Records from a dataset
+ + + +

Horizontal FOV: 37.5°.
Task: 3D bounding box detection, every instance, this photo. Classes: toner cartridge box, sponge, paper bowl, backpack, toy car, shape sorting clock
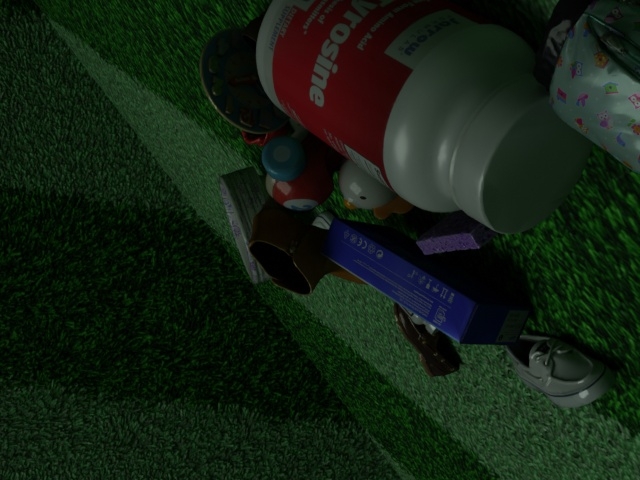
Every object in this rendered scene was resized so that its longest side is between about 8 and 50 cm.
[{"bbox_3d":[0.174,0.067,1.617,0.165,0.075,0.348,10,-163,-46],"label":"toner cartridge box"},{"bbox_3d":[0.226,-0.027,1.380,0.031,0.117,0.210,56,166,-7],"label":"sponge"},{"bbox_3d":[-0.142,-0.046,2.333,0.284,0.148,0.284,163,90,-82],"label":"paper bowl"},{"bbox_3d":[0.293,-0.151,0.889,0.182,0.115,0.152,44,161,22],"label":"backpack"},{"bbox_3d":[0.049,-0.107,1.625,0.238,0.210,0.219,35,171,16],"label":"toy car"},{"bbox_3d":[-0.128,-0.293,1.720,0.040,0.206,0.206,-18,110,51],"label":"shape sorting clock"}]

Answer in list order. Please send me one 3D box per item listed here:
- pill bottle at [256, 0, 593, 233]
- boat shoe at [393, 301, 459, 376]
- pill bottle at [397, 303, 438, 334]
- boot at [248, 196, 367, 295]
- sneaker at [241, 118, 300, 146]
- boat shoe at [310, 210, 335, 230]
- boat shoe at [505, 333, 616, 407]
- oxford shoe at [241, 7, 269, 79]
[{"bbox_3d":[0.118,-0.178,1.141,0.407,0.229,0.229,40,160,41],"label":"pill bottle"},{"bbox_3d":[0.231,0.206,2.028,0.073,0.073,0.207,-17,119,35],"label":"boat shoe"},{"bbox_3d":[0.194,0.109,1.864,0.152,0.086,0.086,49,165,17],"label":"pill bottle"},{"bbox_3d":[-0.005,0.045,1.741,0.295,0.104,0.211,33,-152,-14],"label":"boot"},{"bbox_3d":[-0.105,-0.228,1.940,0.107,0.118,0.279,46,164,29],"label":"sneaker"},{"bbox_3d":[0.000,0.000,2.232,0.083,0.076,0.226,50,165,11],"label":"boat shoe"},{"bbox_3d":[0.370,0.200,1.509,0.084,0.095,0.258,51,165,-10],"label":"boat shoe"},{"bbox_3d":[-0.066,-0.298,1.705,0.227,0.096,0.083,54,164,-11],"label":"oxford shoe"}]
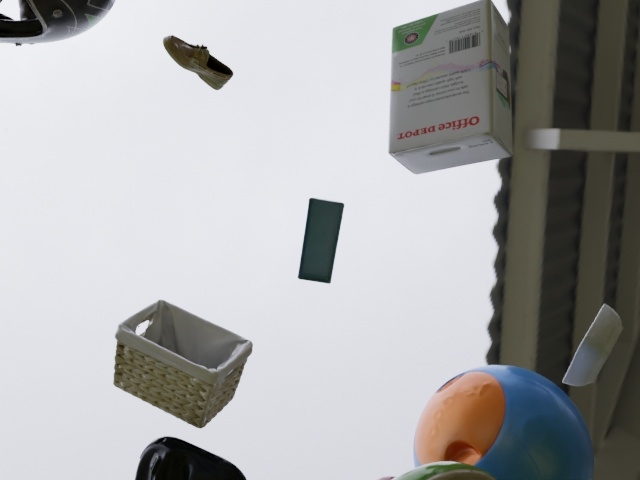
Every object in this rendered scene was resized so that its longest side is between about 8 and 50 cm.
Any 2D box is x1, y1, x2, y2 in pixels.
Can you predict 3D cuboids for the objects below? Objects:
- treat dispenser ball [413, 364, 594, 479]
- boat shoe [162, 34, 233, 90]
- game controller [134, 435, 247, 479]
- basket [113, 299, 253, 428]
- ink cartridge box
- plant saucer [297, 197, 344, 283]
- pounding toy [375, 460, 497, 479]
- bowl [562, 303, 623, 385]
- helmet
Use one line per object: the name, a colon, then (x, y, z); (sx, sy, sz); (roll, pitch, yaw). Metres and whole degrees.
treat dispenser ball: (0.297, 0.350, 1.219); (0.288, 0.288, 0.288); (-4, -81, -22)
boat shoe: (-0.202, -0.305, 1.238); (0.135, 0.045, 0.050); (29, -138, -44)
game controller: (-0.190, 0.426, 0.990); (0.167, 0.067, 0.319); (15, -80, 15)
basket: (-0.199, 0.174, 1.055); (0.167, 0.113, 0.103); (23, -66, 15)
ink cartridge box: (0.242, -0.280, 1.381); (0.117, 0.202, 0.278); (30, -122, -52)
plant saucer: (0.000, 0.000, 1.422); (0.067, 0.018, 0.192); (9, -54, 0)
pounding toy: (0.042, 0.263, 0.551); (0.183, 0.110, 0.236); (12, -88, -38)
bowl: (0.525, 0.208, 1.417); (0.142, 0.053, 0.142); (-41, -31, -37)
helmet: (-0.291, -0.288, 0.776); (0.169, 0.162, 0.169); (33, -128, -57)
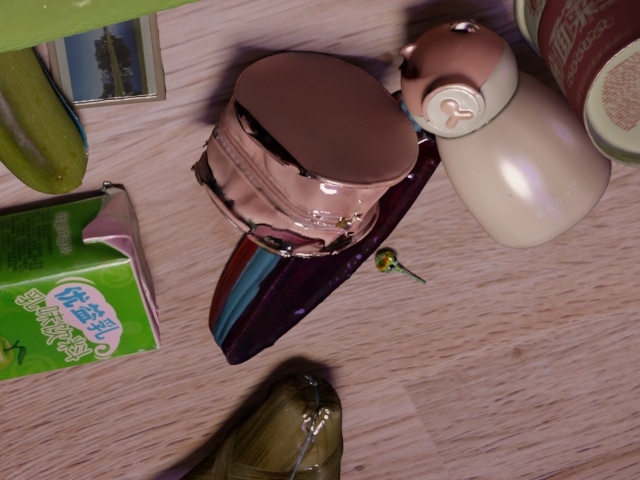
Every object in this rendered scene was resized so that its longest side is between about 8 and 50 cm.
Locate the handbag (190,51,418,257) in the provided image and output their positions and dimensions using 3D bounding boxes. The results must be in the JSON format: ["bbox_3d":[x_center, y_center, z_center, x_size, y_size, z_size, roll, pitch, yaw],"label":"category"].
[{"bbox_3d":[-0.014,-0.082,1.870,0.179,0.205,0.116,-21,145,-36],"label":"handbag"}]

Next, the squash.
[{"bbox_3d":[-0.309,-0.162,1.806,0.094,0.094,0.341,-17,134,7],"label":"squash"}]

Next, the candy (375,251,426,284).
[{"bbox_3d":[0.092,0.033,2.131,0.083,0.023,0.025,25,86,-41],"label":"candy"}]

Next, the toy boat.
[{"bbox_3d":[0.000,0.000,2.046,0.136,0.079,0.392,25,123,-29],"label":"toy boat"}]

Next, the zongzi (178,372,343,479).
[{"bbox_3d":[-0.092,0.246,2.247,0.242,0.112,0.221,-4,137,-6],"label":"zongzi"}]

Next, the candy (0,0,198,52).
[{"bbox_3d":[-0.225,-0.251,1.667,0.344,0.132,0.142,-15,160,-10],"label":"candy"}]

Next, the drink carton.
[{"bbox_3d":[-0.314,0.053,2.012,0.271,0.108,0.161,-11,139,0],"label":"drink carton"}]

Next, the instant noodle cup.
[{"bbox_3d":[0.315,-0.192,1.825,0.235,0.178,0.234,-6,134,-6],"label":"instant noodle cup"}]

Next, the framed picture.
[{"bbox_3d":[-0.209,-0.187,1.854,0.109,0.011,0.149,-7,136,-4],"label":"framed picture"}]

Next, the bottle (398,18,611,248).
[{"bbox_3d":[0.167,-0.117,1.883,0.147,0.147,0.236,-31,119,20],"label":"bottle"}]

+ + + +

■ About this exercise ■
The answer must be an exact reproduction of the records, with every picture left out.

■ Problem solution ■
Horizontal FOV: 37.5°.
Task: 3D bounding box detection, every instance, this photo. Classes: toner cartridge box, sponge, paper bowl, backpack, toy car, shape sorting clock
Every object in this rendered scene was resized so that its longest side is between about 8 and 50 cm.
[{"bbox_3d":[0.174,0.067,1.617,0.165,0.075,0.348,10,-163,-46],"label":"toner cartridge box"},{"bbox_3d":[0.226,-0.027,1.380,0.031,0.117,0.210,56,166,-7],"label":"sponge"},{"bbox_3d":[-0.142,-0.046,2.333,0.284,0.148,0.284,163,90,-82],"label":"paper bowl"},{"bbox_3d":[0.293,-0.151,0.889,0.182,0.115,0.152,44,161,22],"label":"backpack"},{"bbox_3d":[0.049,-0.107,1.625,0.238,0.210,0.219,35,171,16],"label":"toy car"},{"bbox_3d":[-0.128,-0.293,1.720,0.040,0.206,0.206,-18,110,51],"label":"shape sorting clock"}]

Answer in list order. Please send me one 3D box per item listed here:
- pill bottle at [256, 0, 593, 233]
- boat shoe at [393, 301, 459, 376]
- pill bottle at [397, 303, 438, 334]
- boot at [248, 196, 367, 295]
- sneaker at [241, 118, 300, 146]
- boat shoe at [310, 210, 335, 230]
- boat shoe at [505, 333, 616, 407]
- oxford shoe at [241, 7, 269, 79]
[{"bbox_3d":[0.118,-0.178,1.141,0.407,0.229,0.229,40,160,41],"label":"pill bottle"},{"bbox_3d":[0.231,0.206,2.028,0.073,0.073,0.207,-17,119,35],"label":"boat shoe"},{"bbox_3d":[0.194,0.109,1.864,0.152,0.086,0.086,49,165,17],"label":"pill bottle"},{"bbox_3d":[-0.005,0.045,1.741,0.295,0.104,0.211,33,-152,-14],"label":"boot"},{"bbox_3d":[-0.105,-0.228,1.940,0.107,0.118,0.279,46,164,29],"label":"sneaker"},{"bbox_3d":[0.000,0.000,2.232,0.083,0.076,0.226,50,165,11],"label":"boat shoe"},{"bbox_3d":[0.370,0.200,1.509,0.084,0.095,0.258,51,165,-10],"label":"boat shoe"},{"bbox_3d":[-0.066,-0.298,1.705,0.227,0.096,0.083,54,164,-11],"label":"oxford shoe"}]
Every object in this rendered scene was resized so that its longest side is between about 8 and 50 cm.
Any 2D box is x1, y1, x2, y2 in pixels.
Can you predict 3D cuboids for the objects below? Objects:
- treat dispenser ball [413, 364, 594, 479]
- boat shoe [162, 34, 233, 90]
- game controller [134, 435, 247, 479]
- basket [113, 299, 253, 428]
- ink cartridge box
- plant saucer [297, 197, 344, 283]
- pounding toy [375, 460, 497, 479]
- bowl [562, 303, 623, 385]
- helmet
Use one line per object: the name, a colon, then (x, y, z); (sx, sy, sz); (roll, pitch, yaw). Metres and whole degrees.
treat dispenser ball: (0.297, 0.350, 1.219); (0.288, 0.288, 0.288); (-4, -81, -22)
boat shoe: (-0.202, -0.305, 1.238); (0.135, 0.045, 0.050); (29, -138, -44)
game controller: (-0.190, 0.426, 0.990); (0.167, 0.067, 0.319); (15, -80, 15)
basket: (-0.199, 0.174, 1.055); (0.167, 0.113, 0.103); (23, -66, 15)
ink cartridge box: (0.242, -0.280, 1.381); (0.117, 0.202, 0.278); (30, -122, -52)
plant saucer: (0.000, 0.000, 1.422); (0.067, 0.018, 0.192); (9, -54, 0)
pounding toy: (0.042, 0.263, 0.551); (0.183, 0.110, 0.236); (12, -88, -38)
bowl: (0.525, 0.208, 1.417); (0.142, 0.053, 0.142); (-41, -31, -37)
helmet: (-0.291, -0.288, 0.776); (0.169, 0.162, 0.169); (33, -128, -57)
Every object in this rendered scene was resized so that its longest side is between about 8 and 50 cm.
Locate the handbag (190,51,418,257) in the provided image and output their positions and dimensions using 3D bounding boxes. The results must be in the JSON format: ["bbox_3d":[x_center, y_center, z_center, x_size, y_size, z_size, roll, pitch, yaw],"label":"category"].
[{"bbox_3d":[-0.014,-0.082,1.870,0.179,0.205,0.116,-21,145,-36],"label":"handbag"}]

Next, the squash.
[{"bbox_3d":[-0.309,-0.162,1.806,0.094,0.094,0.341,-17,134,7],"label":"squash"}]

Next, the candy (375,251,426,284).
[{"bbox_3d":[0.092,0.033,2.131,0.083,0.023,0.025,25,86,-41],"label":"candy"}]

Next, the toy boat.
[{"bbox_3d":[0.000,0.000,2.046,0.136,0.079,0.392,25,123,-29],"label":"toy boat"}]

Next, the zongzi (178,372,343,479).
[{"bbox_3d":[-0.092,0.246,2.247,0.242,0.112,0.221,-4,137,-6],"label":"zongzi"}]

Next, the candy (0,0,198,52).
[{"bbox_3d":[-0.225,-0.251,1.667,0.344,0.132,0.142,-15,160,-10],"label":"candy"}]

Next, the drink carton.
[{"bbox_3d":[-0.314,0.053,2.012,0.271,0.108,0.161,-11,139,0],"label":"drink carton"}]

Next, the instant noodle cup.
[{"bbox_3d":[0.315,-0.192,1.825,0.235,0.178,0.234,-6,134,-6],"label":"instant noodle cup"}]

Next, the framed picture.
[{"bbox_3d":[-0.209,-0.187,1.854,0.109,0.011,0.149,-7,136,-4],"label":"framed picture"}]

Next, the bottle (398,18,611,248).
[{"bbox_3d":[0.167,-0.117,1.883,0.147,0.147,0.236,-31,119,20],"label":"bottle"}]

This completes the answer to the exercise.